A Novel Approach to Turbulence Model Development using Neural Concept

The most significant challenge in applied fluid mechanics is the limited understanding, and therefore limited prediction capability, of turbulence dependent features. This reduces industrial confidence in CFD for aeronautical applications such as flow detachment over an aircraft wing and shock boundary layer interactions. Against this background, the HiFi TURB project, coordinated by NUMECA, is addressing key deficiencies in turbulence modelling.

The large scale availability of High-Performance Computing (HPC) opens the door to a truly novel approach to turbulence model development.

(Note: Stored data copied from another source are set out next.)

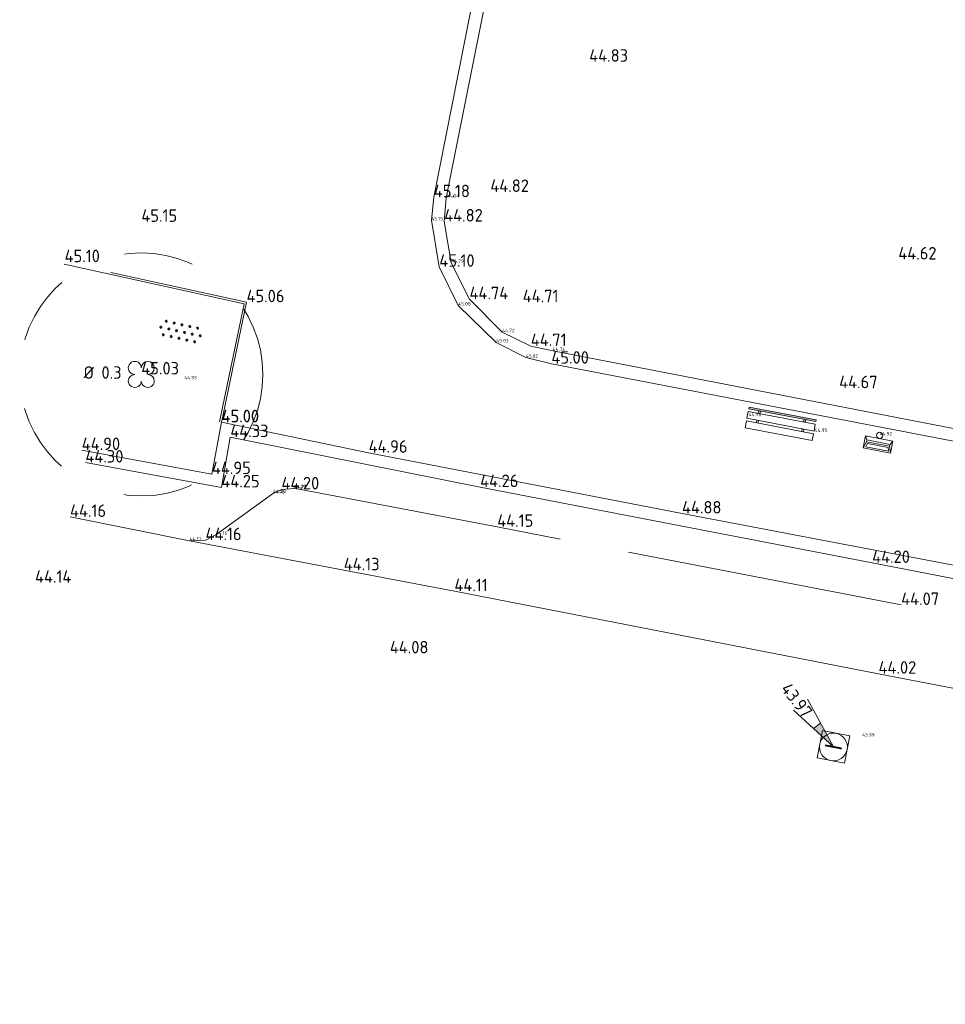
# Model space of a CAD drawing. Header units: metres. Extents: x 186395 to 186519, y 444379 to 444517.
# Tile 1 of 6: x 186395 to 186421, y 444413 to 444442. Entities that reach past the tile are written whole.
import ezdxf
from ezdxf.enums import TextEntityAlignment as Align

# ---------------------------------------------------------------- set-up
doc = ezdxf.new("R2010")
doc.units = ezdxf.units.M
for name, pattern in [('VH-OPSLUITBAND-SO', [10, 4, -2, 2, -2]), ('VH-RIJWIELPADBAND-SO', [20, 8, -2, 2, -2, 0, -2, 2, -2]), ('ZZ-HIDDEN-SO', [4, 2, -2])]:
    doc.linetypes.add(name, pattern=pattern)
doc.layers.get('0').update_dxf_attribs({"lineweight": 25})
for name, color, linetype, lineweight in [('B-ME-GR-BOOM_BOOMKRUIN-S', 94, 'Continuous', 18), ('B-ME-GR-BOOM_KRUIN-G', 94, 'ZZ-HIDDEN-SO', 13), ('B-ME-GR-PLANTSOEN-S', 84, 'Continuous', 18), ('B-ME-IE-MEUBILAIR_WEGMEUBILAIR_AFVALBAK-S', 7, 'Continuous', 18), ('B-ME-IE-MEUBILAIR_WEGMEUBILAIR_ZITBANK-S', 7, 'Continuous', 18), ('B-ME-IE-TERREINAFSCHEIDING_KUNSTMATIG_MUUR-G', 10, 'IE-TERREINAFSCHEIDING_KUNSTMATIG-SO', 18), ('B-ME-RI-DWA_RIOOLPUT-S', 20, 'Continuous', 18), ('B-ME-RI-PUTDEKSELHOOGTE-S-200', 7, 'Continuous', 18), ('B-ME-VH-KANTOPSLUITING_ACHTERKANTBAND-G', 250, 'Continuous', 13), ('B-ME-VH-KANTOPSLUITING_OPSLUITBAND_60-G', 150, 'VH-OPSLUITBAND-SO', 18), ('B-ME-VH-KANTOPSLUITING_RIJWIELPADBAND-G', 10, 'VH-RIJWIELPADBAND-SO', 18), ('B-ME-VH-KLINKERS-G', 252, 'Continuous', 18)]:
    doc.layers.add(name, color=color, linetype=linetype, lineweight=lineweight)
doc.layers.add('X-XX-AL-HOOGTELABEL_VERBORGEN-T18', color=2, linetype='Continuous', lineweight=18, plot=False)
for name, color, linetype in [('X-XX-AL-MEETPUNT_DATA_HOOGTE-T18', 150, 'Continuous'), ('X-XX-GR-BOOM_HOOGTE-T', 94, 'Continuous'), ('X-XX-GR-BOOM_KRUINBREEDTE-T', 94, 'Continuous'), ('X-XX-GR-BOOM_SOORT-T', 94, 'Continuous'), ('X-XX-GR-BOOM_STAMDIAMETER-T', 94, 'Continuous')]:
    doc.layers.add(name, color=color, linetype=linetype)
doc.styles.add('NLCS-ISO', font='NLCS-ISO.ttf')
doc.styles.add('NLCS-ISO-ANNOTATIVE-T18', font='NLCS-ISO.ttf', dxfattribs={"height": 1.8})
doc.styles.add('NLCS-ISO-M200-T18', font='NLCS-ISO.ttf', dxfattribs={"height": 0.36})
doc.linetypes.add('IE-TERREINAFSCHEIDING_KUNSTMATIG-SO', pattern='A,4,[82,NLCS.SHX,S=0.75,R=90,X=0,Y=0],4,-2', length=10)

# ---------------------------------------------------------------- blocks, each defined once
blk = doc.blocks.new('SGR-BOOM_GBKN_BESCHRIJVING-SO')
for centre, major_axis, start_param, end_param in [((-0.94, 0.94), (0.663, 0.663), 5.497787, 8.63938), ((-0.94, 0.94), (-0.663, 0.663), 0.785398, 2.356194), ((-0.94, -0.94), (0.663, 0.663), 0.785398, 2.356194), ((0.94, 0.94), (0.663, 0.663), 3.926991, 5.497787), ((-0.94, -0.94), (-0.663, 0.663), 0.785398, 3.926991), ((0.94, -0.94), (0.663, 0.663), 2.356194, 5.497787), ((0.94, -0.94), (-0.663, 0.663), 3.926991, 5.497787)]:
    blk.add_ellipse(centre, major_axis=major_axis, ratio=1, start_param=start_param, end_param=end_param)
at = {"extrusion": (0, 0, -1)}
blk.add_ellipse((0.94, 0.94), major_axis=(0.663, 0.663), ratio=1, start_param=3.926991, end_param=7.068583, dxfattribs=at)
at = {"layer": 'X-XX-GR-BOOM_HOOGTE-T', "ltscale": 0.1, "style": 'NLCS-ISO'}
blk.add_attdef('HOOGTE', text='', height=1.8, dxfattribs=at).set_placement((0.28, 3.67), align=Align.MIDDLE_RIGHT)
at = {"layer": 'X-XX-GR-BOOM_KRUINBREEDTE-T', "ltscale": 0.1, "style": 'NLCS-ISO'}
blk.add_attdef('KRUINBREEDTE', text='', height=1.8, dxfattribs=at).set_placement((0.28, 5.67), align=Align.MIDDLE_RIGHT)
at = {"layer": 'X-XX-GR-BOOM_SOORT-T', "ltscale": 0.1, "style": 'NLCS-ISO'}
blk.add_attdef('SOORT', text='', height=1.8, dxfattribs=at).set_placement((0.28, 9.69), align=Align.MIDDLE_RIGHT)
at = {"layer": 'X-XX-GR-BOOM_STAMDIAMETER-T', "ltscale": 0.1, "style": 'NLCS-ISO'}
blk.add_attdef('STAMDIAMETER', text='', height=1.8, dxfattribs=at).set_placement((0.28, 7.68), align=Align.MIDDLE_RIGHT)
blk = doc.blocks.new('SGR-PLANTSOEN-SO')
at = {"linetype": 'Continuous', "ltscale": 0.1}
for p, q in [((-2.71, 0.1), (-3.06, -0.1)), ((-3.06, 0.1), (-2.71, -0.1)), ((-2.89, 0.2), (-2.89, -0.2)), ((-2.14, 1.1), (-2.48, 0.9)), ((-2.48, 1.1), (-2.14, 0.9)), ((-2.31, 1.2), (-2.31, 0.8)), ((-1.56, 0.1), (-1.91, -0.1)), ((-1.91, 0.1), (-1.56, -0.1)), ((-1.73, 0.2), (-1.73, -0.2)), ((-0.98, 1.1), (-1.33, 0.9)), ((-1.33, 1.1), (-0.98, 0.9)), ((-1.15, 1.2), (-1.15, 0.8)), ((-0.4, 0.1), (-0.75, -0.1)), ((-0.75, 0.1), (-0.4, -0.1)), ((-0.58, 0.2), (-0.58, -0.2)), ((0.17, 1.1), (-0.17, 0.9)), ((-0.17, 1.1), (0.17, 0.9)), ((0, 1.2), (0, 0.8)), ((0.75, 0.1), (0.4, -0.1)), ((0.4, 0.1), (0.75, -0.1)), ((0.58, 0.2), (0.58, -0.2)), ((1.33, 1.1), (0.98, 0.9)), ((0.98, 1.1), (1.33, 0.9)), ((1.15, 1.2), (1.15, 0.8)), ((1.91, 0.1), (1.56, -0.1)), ((1.56, 0.1), (1.91, -0.1)), ((1.73, 0.2), (1.73, -0.2)), ((2.48, 1.1), (2.14, 0.9)), ((2.14, 1.1), (2.48, 0.9)), ((2.31, 1.2), (2.31, 0.8)), ((3.06, 0.1), (2.71, -0.1)), ((2.71, 0.1), (3.06, -0.1)), ((2.89, 0.2), (2.89, -0.2)), ((-2.14, -0.9), (-2.48, -1.1)), ((-2.48, -0.9), (-2.14, -1.1)), ((-2.31, -0.8), (-2.31, -1.2)), ((-0.98, -0.9), (-1.33, -1.1)), ((-1.33, -0.9), (-0.98, -1.1)), ((-1.15, -0.8), (-1.15, -1.2)), ((0.17, -0.9), (-0.17, -1.1)), ((-0.17, -0.9), (0.17, -1.1)), ((0, -0.8), (0, -1.2)), ((1.33, -0.9), (0.98, -1.1)), ((0.98, -0.9), (1.33, -1.1)), ((1.15, -0.8), (1.15, -1.2)), ((2.48, -0.9), (2.14, -1.1)), ((2.14, -0.9), (2.48, -1.1)), ((2.31, -0.8), (2.31, -1.2))]:
    blk.add_line(p, q, dxfattribs=at)
blk = doc.blocks.new('SIE-WEG_AFVALBAK_01-SO')
for p, q in [((2, -0.45), (-2, -0.45)), ((-1.7, -0.98), (-2, -0.45)), ((-2, -0.45), (-2, -2.2)), ((-1.7, -1.26), (-2, -2.2)), ((1.7, -0.98), (-1.7, -0.98)), ((-1.7, -1.26), (-1.7, -0.98)), ((1.7, -1.26), (-1.7, -1.26)), ((1.7, -0.98), (2, -0.45)), ((1.7, -1.26), (1.7, -0.98)), ((1.7, -1.26), (2, -2.2)), ((2, -0.45), (2, -2.2)), ((2, -2.2), (-2, -2.2)), ((-1.51, -1.48), (-1.67, -1.98)), ((1.67, -1.98), (-1.67, -1.98)), ((1.51, -1.48), (-1.51, -1.48)), ((1.51, -1.48), (1.67, -1.98))]:
    blk.add_line(p, q)
blk.add_circle((0, 0), 0.454)
blk = doc.blocks.new('SRI-PUT_INSPECTIE-SO')
at = {"flags": 128}
blk.add_lwpolyline([(-2, -2), (2, -2), (2, 2), (-2, 2)], close=True, dxfattribs=at)
blk.add_circle((0, 0), 2)
at = {"style": 'NLCS-ISO'}
blk.add_text('I', height=2.5, dxfattribs=at).set_placement((0, -0.01), align=Align.MIDDLE_CENTER)
blk = doc.blocks.new('SIE-WEG_ZITBANK_MET_LEUNING')
blk.add_hatch(color=256).paths.add_polyline_path([(-0.984, 0.302), (-0.984, 0.253), (0.984, 0.253), (0.984, 0.302)])
for p, q in [((-0.689, 0.253), (-0.689, 0.172)), ((-0.64, 0.253), (-0.64, 0.172)), ((0.64, 0.253), (0.64, 0.172)), ((0.689, 0.253), (0.689, 0.172)), ((-0.689, -0.105), (-0.689, -0.025)), ((-0.64, -0.105), (-0.64, -0.025)), ((0.64, -0.105), (0.64, -0.025)), ((0.689, -0.105), (0.689, -0.025))]:
    blk.add_line(p, q)
at = {"flags": 128}
for points in [[(-0.984, 0.253), (-0.984, 0.302), (0.984, 0.302), (0.984, 0.253)], [(0.984, 0.172), (0.984, -0.025), (-0.984, -0.025), (-0.984, 0.172)], [(-0.984, -0.105), (-0.984, -0.302), (0.984, -0.302), (0.984, -0.105)]]:
    blk.add_lwpolyline(points, close=True, dxfattribs=at)
blk = doc.blocks.new('SRI-PUTDEKSELHOOGTE-SO')
h = blk.add_hatch(color=256)
h.dxf.hatch_style = 1
h.paths.add_polyline_path([(3.02, 2.49), (0, 0), (3.66, 1.37)])
for p, q in [((0, 0), (6.04, 4.97)), ((0, 0), (7.32, 2.74)), ((3.02, 2.49), (3.66, 1.37))]:
    blk.add_line(p, q)
at = {"style": 'NLCS-ISO'}
blk.add_attdef('PUTHGT', text='', height=1.8, rotation=30, dxfattribs=at).set_placement((5.02, 2.93), align=Align.MIDDLE_LEFT)

msp = doc.modelspace()

# ---------------------------------------------------------------- linework, layer by layer
at = {"layer": 'B-ME-GR-BOOM_KRUIN-G'}
msp.add_circle((186398.232, 444431.525), 3.5, dxfattribs=at)
at = {"layer": 'B-ME-IE-TERREINAFSCHEIDING_KUNSTMATIG_MUUR-G'}
for points in [[(186441.674, 444427.272), (186441.361, 444425.733), (186432.125, 444427.561), (186421.571, 444429.611), (186410.039, 444431.836), (186409.307, 444432.01), (186408.454, 444432.449), (186407.36, 444433.511), (186406.813, 444434.627), (186406.585, 444435.966), (186406.653, 444436.631), (186408.057, 444443.73), (186409.204, 444449.471), (186410.559, 444456.381), (186412.069, 444463.915), (186412.573, 444466.675), (186414.044, 444470.857), (186416.007, 444476.466), (186418.713, 444483.956), (186422.509, 444494.624), (186424.566, 444500.433), (186427.712, 444509.189), (186428.931, 444512.829)], [(186441.674, 444427.272), (186440.673, 444427.489), (186440.429, 444426.296), (186432.081, 444427.919), (186421.664, 444429.957), (186410.076, 444432.205), (186409.447, 444432.344), (186408.625, 444432.742), (186407.681, 444433.693), (186407.158, 444434.746), (186406.953, 444435.931), (186407.012, 444436.614), (186408.407, 444443.629)], [(186396.518, 444429.348), (186400.266, 444428.655), (186400.542, 444430.149), (186404.778, 444429.272), (186413.8, 444427.52), (186423.379, 444425.695), (186426.823, 444425.008), (186430.415, 444424.302), (186435.865, 444423.259), (186438.706, 444422.684), (186438.622, 444422.343), (186432.386, 444423.568), (186424.513, 444425.082), (186419.274, 444426.095), (186407.988, 444428.282), (186400.795, 444429.72), (186400.538, 444428.272), (186396.623, 444428.987)]]:
    msp.add_lwpolyline(points, dxfattribs=at)
at = {"layer": 'B-ME-VH-KANTOPSLUITING_ACHTERKANTBAND-G'}
msp.add_lwpolyline([(186400.487, 444430.157), (186401.191, 444433.56), (186396.011, 444434.701)], dxfattribs=at)
at = {"layer": 'B-ME-VH-KANTOPSLUITING_OPSLUITBAND_60-G'}
msp.add_lwpolyline([(186400.546, 444430.145), (186401.262, 444433.606), (186396.024, 444434.76)], dxfattribs=at)
at = {"layer": 'B-ME-VH-KANTOPSLUITING_RIJWIELPADBAND-G'}
for points in [[(186396.181, 444427.421), (186399.623, 444426.733), (186400.081, 444426.751), (186400.374, 444426.905), (186402.008, 444428.087), (186402.041, 444428.108), (186402.269, 444428.214), (186402.633, 444428.242)], [(186474.116, 444414.813), (186474.291, 444414.856), (186474.315, 444414.512), (186474.046, 444414.209), (186473.299, 444413.959), (186471.766, 444413.584), (186470.22, 444413.381), (186468.634, 444413.41), (186467.075, 444413.64), (186458.849, 444415.263), (186451.969, 444416.575), (186445.258, 444417.91), (186441.836, 444418.548), (186437.625, 444419.375), (186437.253, 444419.516), (186436.958, 444419.816), (186436.093, 444421.442), (186435.739, 444421.743), (186435.384, 444421.904), (186429.715, 444423.019), (186420.109, 444424.885), (186408.48, 444427.135), (186402.625, 444428.252)]]:
    msp.add_lwpolyline(points, dxfattribs=at)
at = {"layer": 'B-ME-VH-KLINKERS-G'}
for points in [[(186399.623, 444426.733), (186404.062, 444425.883)], [(186437.625, 444419.375), (186430.538, 444420.76), (186419.457, 444422.906), (186407.246, 444425.281), (186404.062, 444425.883)]]:
    msp.add_lwpolyline(points, dxfattribs=at)

# ---------------------------------------------------------------- block references
at = {"layer": 'B-ME-GR-BOOM_BOOMKRUIN-S'}
ref = msp.add_blockref('SGR-BOOM_GBKN_BESCHRIJVING-SO', (186398.232, 444431.525), dxfattribs=dict(at, xscale=0.2, yscale=0.2, zscale=0.2))
ref.add_attrib('STAMDIAMETER', '%%C 0.3', dxfattribs={"layer": 'X-XX-GR-BOOM_STAMDIAMETER-T', "ltscale": 0.1, "height": 0.36, "style": 'NLCS-ISO'}).set_placement((186397.664, 444431.581), align=Align.MIDDLE_RIGHT)
at = {"layer": 'B-ME-GR-PLANTSOEN-S', "xscale": 0.2, "yscale": 0.2, "zscale": 0.2, "rotation": 347.5294592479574}
msp.add_blockref('SGR-PLANTSOEN-SO', (186399.361, 444432.762), dxfattribs=at)
at = {"layer": 'B-ME-IE-MEUBILAIR_WEGMEUBILAIR_AFVALBAK-S', "xscale": 0.1999999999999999, "yscale": 0.1999999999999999, "zscale": 0.1999999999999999, "rotation": 349.1354700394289}
msp.add_blockref('SIE-WEG_AFVALBAK_01-SO', (186419.491, 444429.769), dxfattribs=at)
at = {"layer": 'B-ME-IE-MEUBILAIR_WEGMEUBILAIR_ZITBANK-S', "rotation": 349.2245716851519}
msp.add_blockref('SIE-WEG_ZITBANK_MET_LEUNING', (186416.639, 444430.105), dxfattribs=at)
at = {"layer": 'B-ME-RI-DWA_RIOOLPUT-S', "xscale": 0.2, "yscale": 0.2, "zscale": 0.2, "rotation": 258.9842411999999}
msp.add_blockref('SRI-PUT_INSPECTIE-SO', (186418.16, 444420.796), dxfattribs=at)
at = {"layer": 'B-ME-RI-PUTDEKSELHOOGTE-S-200'}
ref = msp.add_blockref('SRI-PUTDEKSELHOOGTE-SO', (186418.159, 444420.797), dxfattribs=dict(at, xscale=0.2, yscale=0.2, zscale=0.2, rotation=97.9639408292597))
ref.add_attrib('PUTHGT', '43.97', dxfattribs={"layer": '0', "height": 0.36, "rotation": 127.9639, "style": 'NLCS-ISO', "text_generation_flag": 6}).set_placement((186417.439, 444421.709), align=Align.MIDDLE_RIGHT)

# ---------------------------------------------------------------- texts
at = {"layer": 'X-XX-AL-HOOGTELABEL_VERBORGEN-T18', "style": 'NLCS-ISO-M200-T18'}
for s, p in [('44.84', (186407.012, 444436.614)), ('45.15', (186406.585, 444435.966)), ('44.79', (186407.158, 444434.746)), ('45.08', (186407.36, 444433.511)), ('44.72', (186408.625, 444432.742)), ('45.03', (186408.454, 444432.449)), ('45.02', (186409.307, 444432.01)), ('44.74', (186410.076, 444432.205)), ('44.93', (186399.47, 444431.385)), ('44.96', (186415.721, 444430.323)), ('44.95', (186417.623, 444429.871)), ('44.92', (186419.491, 444429.769)), ('44.20', (186402.008, 444428.087)), ('44.20', (186402.041, 444428.108)), ('44.20', (186402.625, 444428.252)), ('44.19', (186402.633, 444428.242)), ('44.16', (186400.374, 444426.905)), ('44.17', (186399.623, 444426.733)), ('43.99', (186418.986, 444421.09))]:
    msp.add_text(s, height=0.1, dxfattribs=at).set_placement(p)
at = {"layer": 'X-XX-AL-MEETPUNT_DATA_HOOGTE-T18', "style": 'NLCS-ISO-ANNOTATIVE-T18'}
for s, p in [('44.83', (186411.128, 444440.535)), ('45.18', (186406.653, 444436.631)), ('44.82', (186408.281, 444436.783)), ('45.15', (186398.235, 444435.922)), ('44.82', (186406.953, 444435.931)), ('44.62', (186420.027, 444434.837)), ('45.10', (186396.024, 444434.76)), ('45.10', (186406.813, 444434.627)), ('44.74', (186407.681, 444433.693)), ('45.06', (186401.262, 444433.606)), ('44.71', (186409.214, 444433.605)), ('44.71', (186409.447, 444432.344)), ('45.00', (186410.039, 444431.836)), ('45.03', (186398.232, 444431.525)), ('44.67', (186418.324, 444431.128)), ('45.00', (186400.542, 444430.149)), ('45.00', (186400.546, 444430.145)), ('44.33', (186400.795, 444429.72)), ('44.90', (186396.518, 444429.348)), ('44.96', (186404.778, 444429.272)), ('44.30', (186396.623, 444428.987)), ('44.95', (186400.266, 444428.655)), ('44.26', (186407.988, 444428.282)), ('44.25', (186400.538, 444428.272)), ('44.20', (186402.269, 444428.214)), ('44.88', (186413.8, 444427.52)), ('44.16', (186396.181, 444427.421)), ('44.15', (186408.48, 444427.135)), ('44.16', (186400.081, 444426.751)), ('44.20', (186419.274, 444426.095)), ('44.13', (186404.062, 444425.883)), ('44.14', (186395.173, 444425.524)), ('44.11', (186407.246, 444425.281)), ('44.07', (186420.109, 444424.885)), ('44.08', (186405.388, 444423.49)), ('44.02', (186419.457, 444422.906))]:
    msp.add_text(s, height=0.36, dxfattribs=at).set_placement(p)

doc.saveas('drawing.dxf')

Exploiting Artificial Intelligence (AI) and Machine Learning (ML) techniques applied to a database of high-fidelity, scale-resolving simulations of test cases that contain most features of separated flow regions or complex 3D flows. Figure 1 shows an example of a flow field that is used as the basis for the turbulence modelling task.

The volume of data produced by these simulations requires a different approach to extracting insight. Neural Concept supports this work by enabling deep learning workflows that help teams analyze very large 3D simulation datasets and uncover patterns that are difficult to detect with conventional post processing alone.

Using Neural Concept’s geometry based Variational Auto Encoders (VAE), NUMECA gained first insights into correlations across tens of statistically averaged flow variables. The VAE compresses high-dimensional simulation data into physically meaningful embeddings and reconstructs the original inputs with high accuracy. This makes it possible to explore and analyze complex flow behavior faster and more interactively, while preserving the link back to the underlying physics.

The outcome is easier handling of large simulation datasets, and new ways to apply data mining and statistical analysis techniques to improve understanding of the physics contained in the data.

Figure 2 shows an example of the possible analysis. The colors of the symbols on the 2D plot correspond to the value of the ‘embedding’ and are the same in the 3D view (left) and in the 2D plot (right). Points of the same color have the same value for all the considered physical quantities and the 3D view colored by the embedding value, gives us one global statistical representation for several physical quantities over the investigated domain. Both plots together provide a new perspective on the flow behavior via the machine learning model. Figure 2, shows snapshots of the views used in the Graphical User Interface.